真空管の音のイメージ 「真空管アンプ」は今でも人気がある。大手オーディオメーカーのほとんどは真空管というデバイスを使ったオーディオ機器から撤退して久しいが、今だ真空管アンプを供給しているガレージメーカーはいくらでもある。コンシューマー用の真空管式オーディオアンプは、2万円の手軽なキットから百万円を超える贅沢なアンプまでよりどりみどりだ。スタジオ・レコーディングの世界でも、真空管式のマイクロフォン、マイクプリ、コンプレッサ、ミキサーが多数製造されている。ギターアンプに至ってはいわずもがな。20年前ではちょっと考えられないくらいの勢いで真空管が復活しているように思う。

半導体がオーディオデバイスとして普及するようになって40年くらいが経つ。トランジスタが普及しはじめた頃の事情を考えると、当時の真空管アンプはごく一部の高級品を除いて決して良い音ではなかった。現在に比べれば部品の質も悪く、いかに廉価に製品化するかに多くのエネルギーが注力されていたからだ。一方、トランジスタは真空管に比べて非常に廉価である、高価で重いトランスがなくても回路が構成できてしまう、低雑音性能が優れている、周波数帯域を広くするのが容易、といった理由によってあっという間に真空管を駆逐してしまった。おそらく、真空管式のアンプもほんとうはいい音がするものがあったんだと思うが、それは庶民の手が届かない非常にハイエンドで高価なものであった。

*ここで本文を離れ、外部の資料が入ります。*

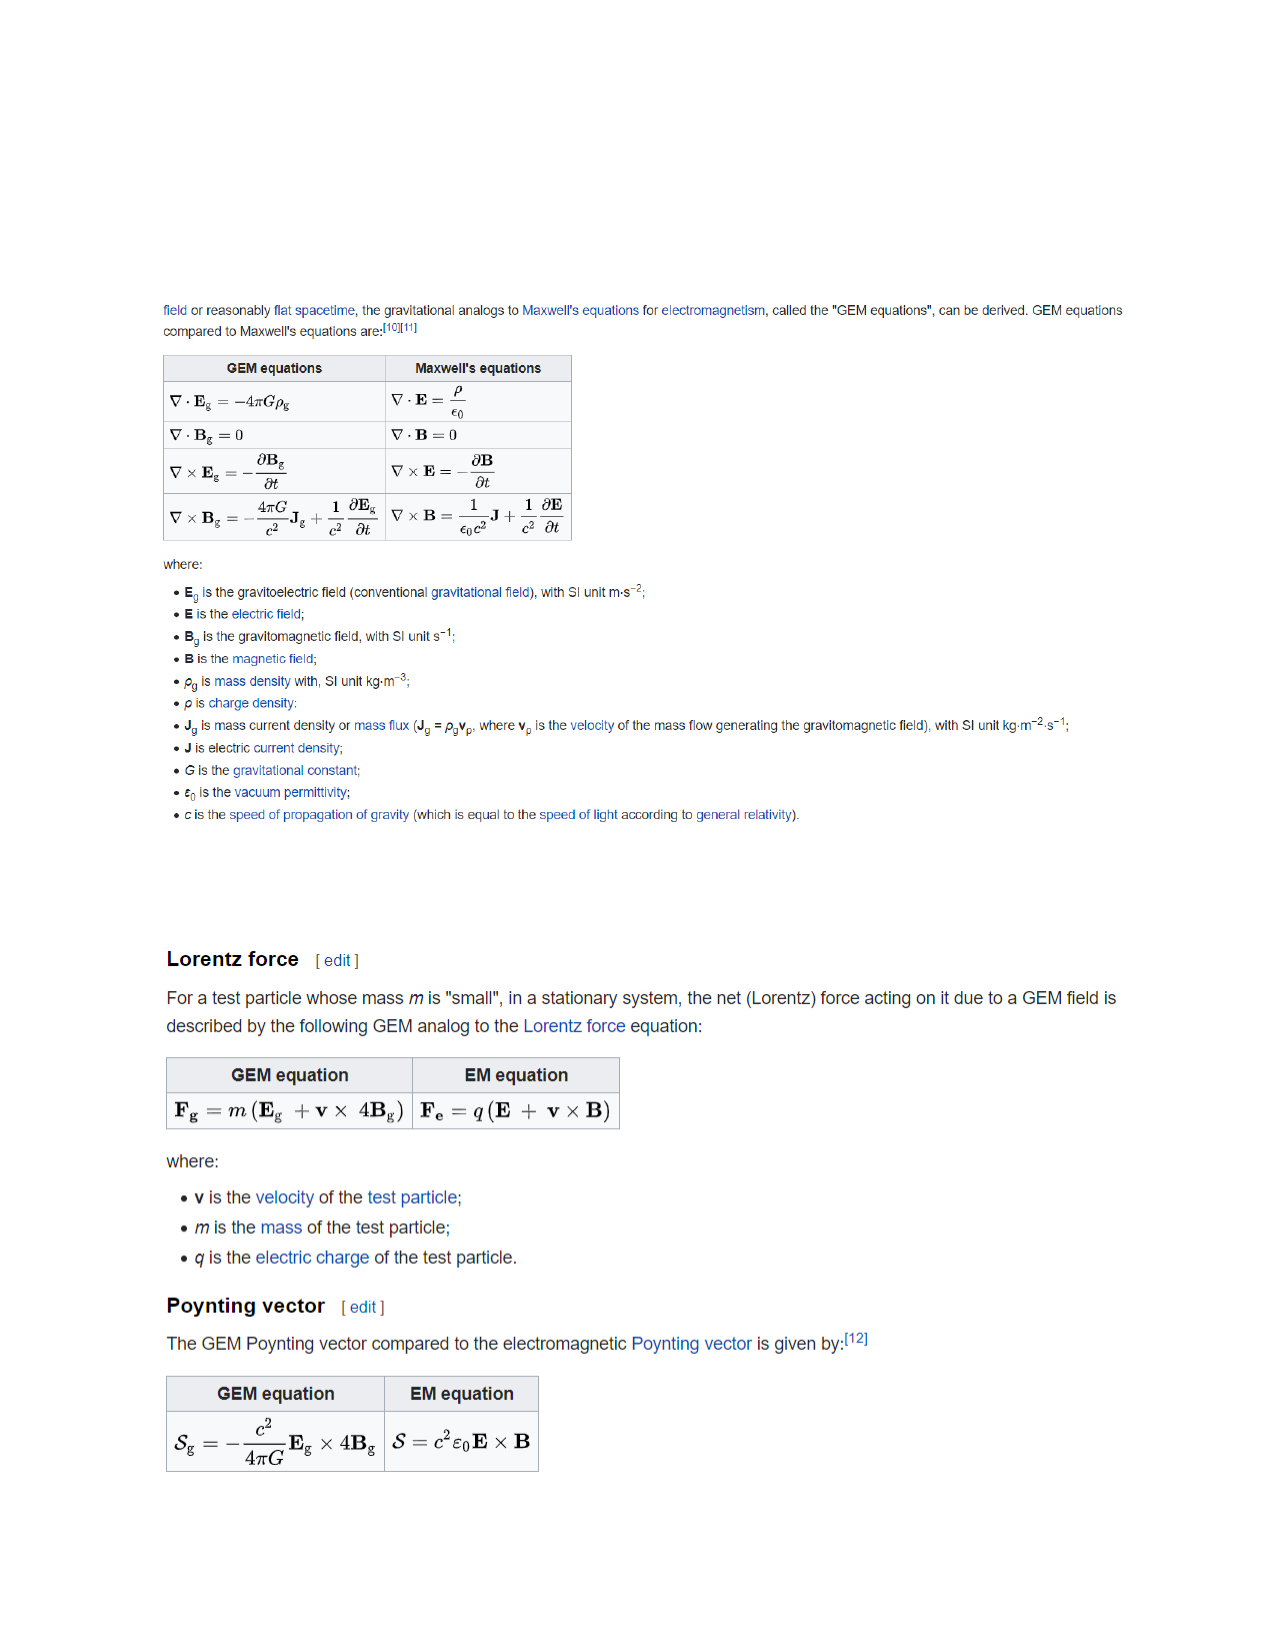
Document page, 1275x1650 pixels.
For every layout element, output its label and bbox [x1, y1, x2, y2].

picture [150, 302, 1125, 839]
picture [150, 944, 1125, 1502]
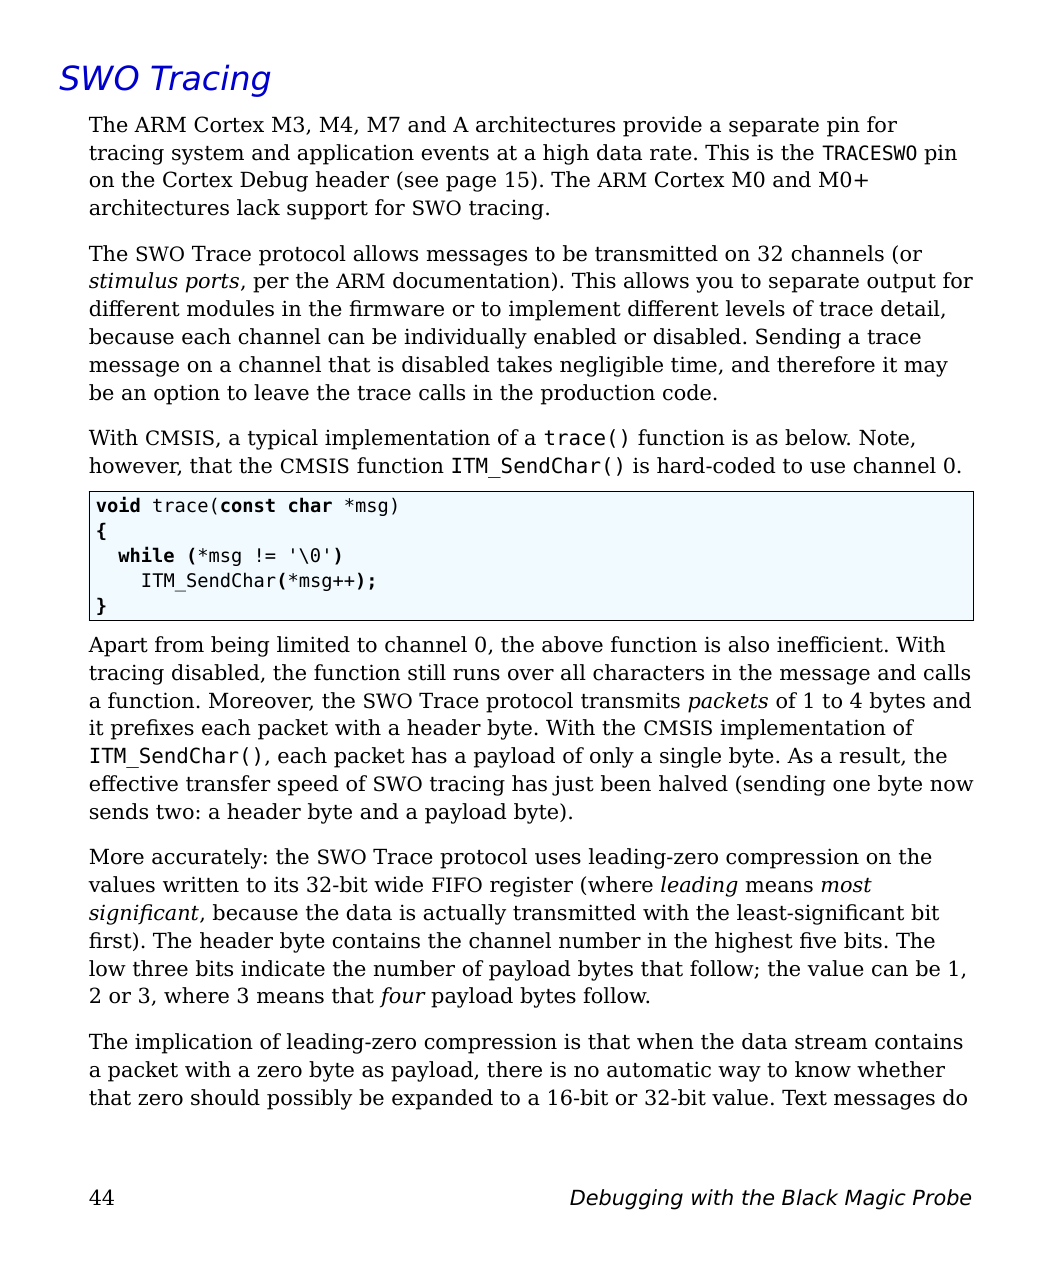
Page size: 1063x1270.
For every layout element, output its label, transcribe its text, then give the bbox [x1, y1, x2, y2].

subtitle SWO Tracing [59, 59, 974, 98]
text { [90, 516, 973, 541]
text The SWO Trace protocol allows messages to be transmitted on 32 channels (or stimulus ports, per the ARM documentation). This allows you to separate output for different modules in the firmware or to implement different levels of trace detail, because each channel can be individually enabled or disabled. Sending a trace message on a channel that is disabled takes negligible time, and therefore it may be an option to leave the trace calls in the production code. [88, 242, 974, 405]
text } [90, 591, 973, 620]
text The implication of leading-zero compression is that when the data stream contains a packet with a zero byte as payload, there is no automatic way to know whether that zero should possibly be expanded to a 16-bit or 32-bit value. Text messages do [88, 1030, 974, 1110]
text With CMSIS, a typical implementation of a trace() function is as below. Note, however, that the CMSIS function ITM_SendChar() is hard-coded to use channel 0. [88, 426, 974, 478]
text The ARM Cortex M3, M4, M7 and A architectures provide a separate pin for tracing system and application events at a high data rate. This is the TRACESWO pin on the Cortex Debug header (see page 15). The ARM Cortex M0 and M0+ architectures lack support for SWO tracing. [88, 113, 974, 220]
text ITM_SendChar(*msg++); [90, 566, 973, 591]
text void trace(const char *msg) [90, 492, 973, 516]
text More accurately: the SWO Trace protocol uses leading-zero compression on the values written to its 32-bit wide FIFO register (where leading means most significant, because the data is actually transmitted with the least-significant bit first). The header byte contains the channel number in the highest five bits. The low three bits indicate the number of payload bytes that follow; the value can be 1, 2 or 3, where 3 means that four payload bytes follow. [88, 845, 974, 1009]
text while (*msg != '\0') [90, 541, 973, 566]
text Apart from being limited to channel 0, the above function is also inefficient. With tracing disabled, the function still runs over all characters in the message and calls a function. Moreover, the SWO Trace protocol transmits packets of 1 to 4 bytes and it prefixes each packet with a header byte. With the CMSIS implementation of ITM_SendChar(), each packet has a payload of only a single byte. As a result, the effective transfer speed of SWO tracing has just been halved (sending one byte now sends two: a header byte and a payload byte). [88, 633, 974, 824]
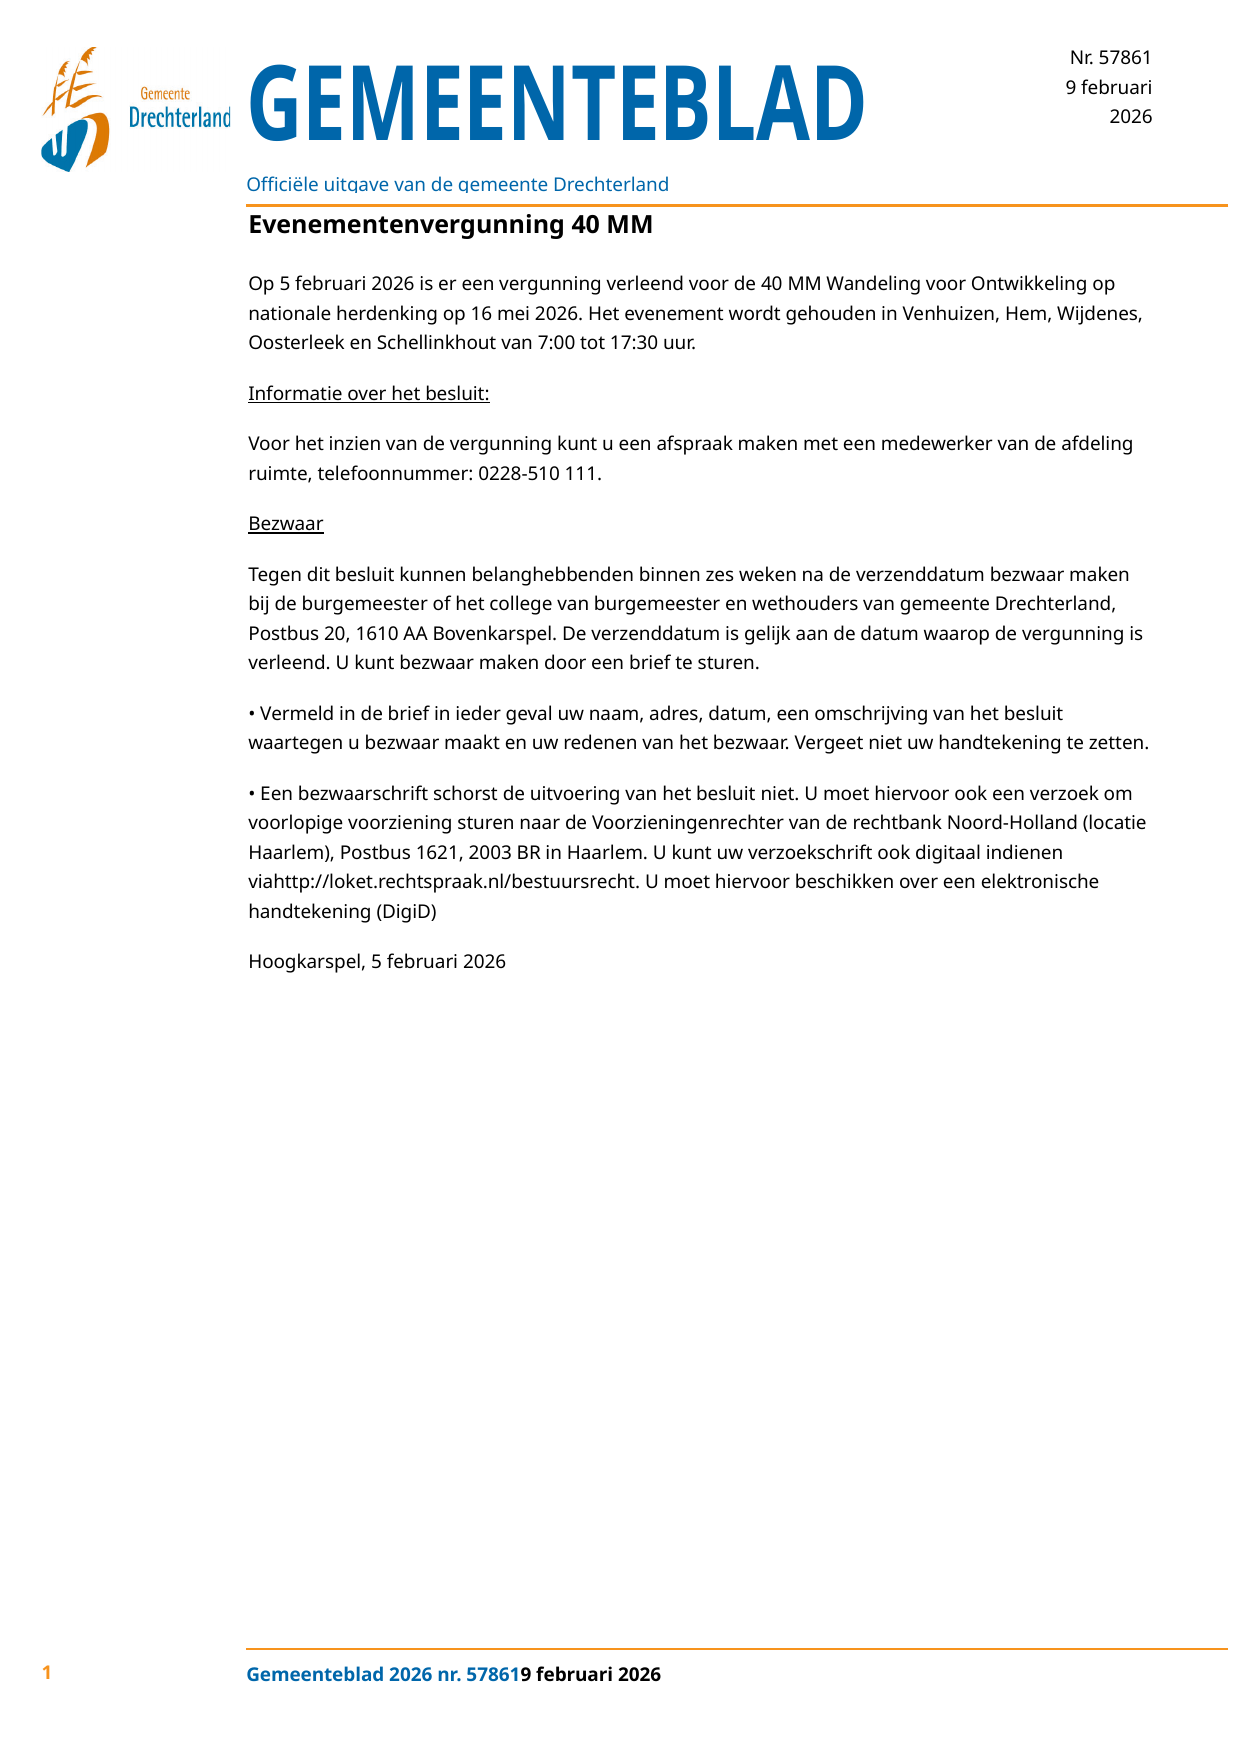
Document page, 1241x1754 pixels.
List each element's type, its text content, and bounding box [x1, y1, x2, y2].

さて、真空管の音のイメージだが、いろいろな場面で目にする表現の筆頭は「あたたかい音」ではなかろうか。意味がいまひとつ不明確だが「ビンテージ・サウンド」なんていうのもある。おそらく、帯域はそれほど広くないけれど、とげとげしていなくて聞きやすい音のことを言っているのだろうか。真空管に関してあまり聞かない表現というと、「スピード感がある」とか「広帯域である」とか「歪み感のない、透明な、ニュートラルな」などがある。

でも、ほんとうのところ、どうなんだろう?

真空管の音はいいかわるいか 真空管の全盛期、1950〜1960年頃に作られた多くのオーディオ・アンプの周波数特性を調べてみると、そのほとんどが30Hz以下で減衰がみられ、20kHz以上でもすぐに減衰がはじまっているものが多数を占める。これは、12AX7/ECC83のような内部抵抗が高い(メーカー発表値は62.5kΩだが実測すると80kΩくらいある)球を使うことが多かったため、これに合わせるために音量調整ボリュームは250kΩ〜1MΩという高い抵抗値のものが使われたり、回路そのものが数十kΩ以上の高い回路インピーダンスをベースに設計されたことが大きな原因である。また、20Hz以下の超低域有害論もあって、多くのオーディオ・アンプは30Hz以下の帯域をカットするフィルタが組み込まれていた。加えて、低域時定数を決定する結合コンデンサ容量が十分大きなものが作れなかった、という事情もあたと思う。
名プリメイン・アンプで知られるLUX SQ38FDのライン入力〜スピーカ出力間の総合周波数特性は、カタログによれば、真にフラットと言えるのは40Hz〜15kHzにすぎず、20Hzと30kHzで-1dBの減衰が生じている。このアンプの音が悪いとは言わないが、一種独特の角がとれたトロンとした音がするアンプであことは誰も否定しないだろう。いわゆるLUXサウンドというやつだ。
回路インピーダンスが高いと、配線の影響を非常に受けやすくなる。ちょっとシールド線を延ばせばハイ・カット・フィルターになってしまうし、音量調整ボリュームの位置によって回路インピーダンスが大きく変動するために、思わぬところで高域がカットされる。近接した線間で生じる数pF程度の容量で容易に信号が飛びつく。このような現象は、回路インピーダンスが数kΩかそれ以下にできるトランジスタ回路では起こらないものである。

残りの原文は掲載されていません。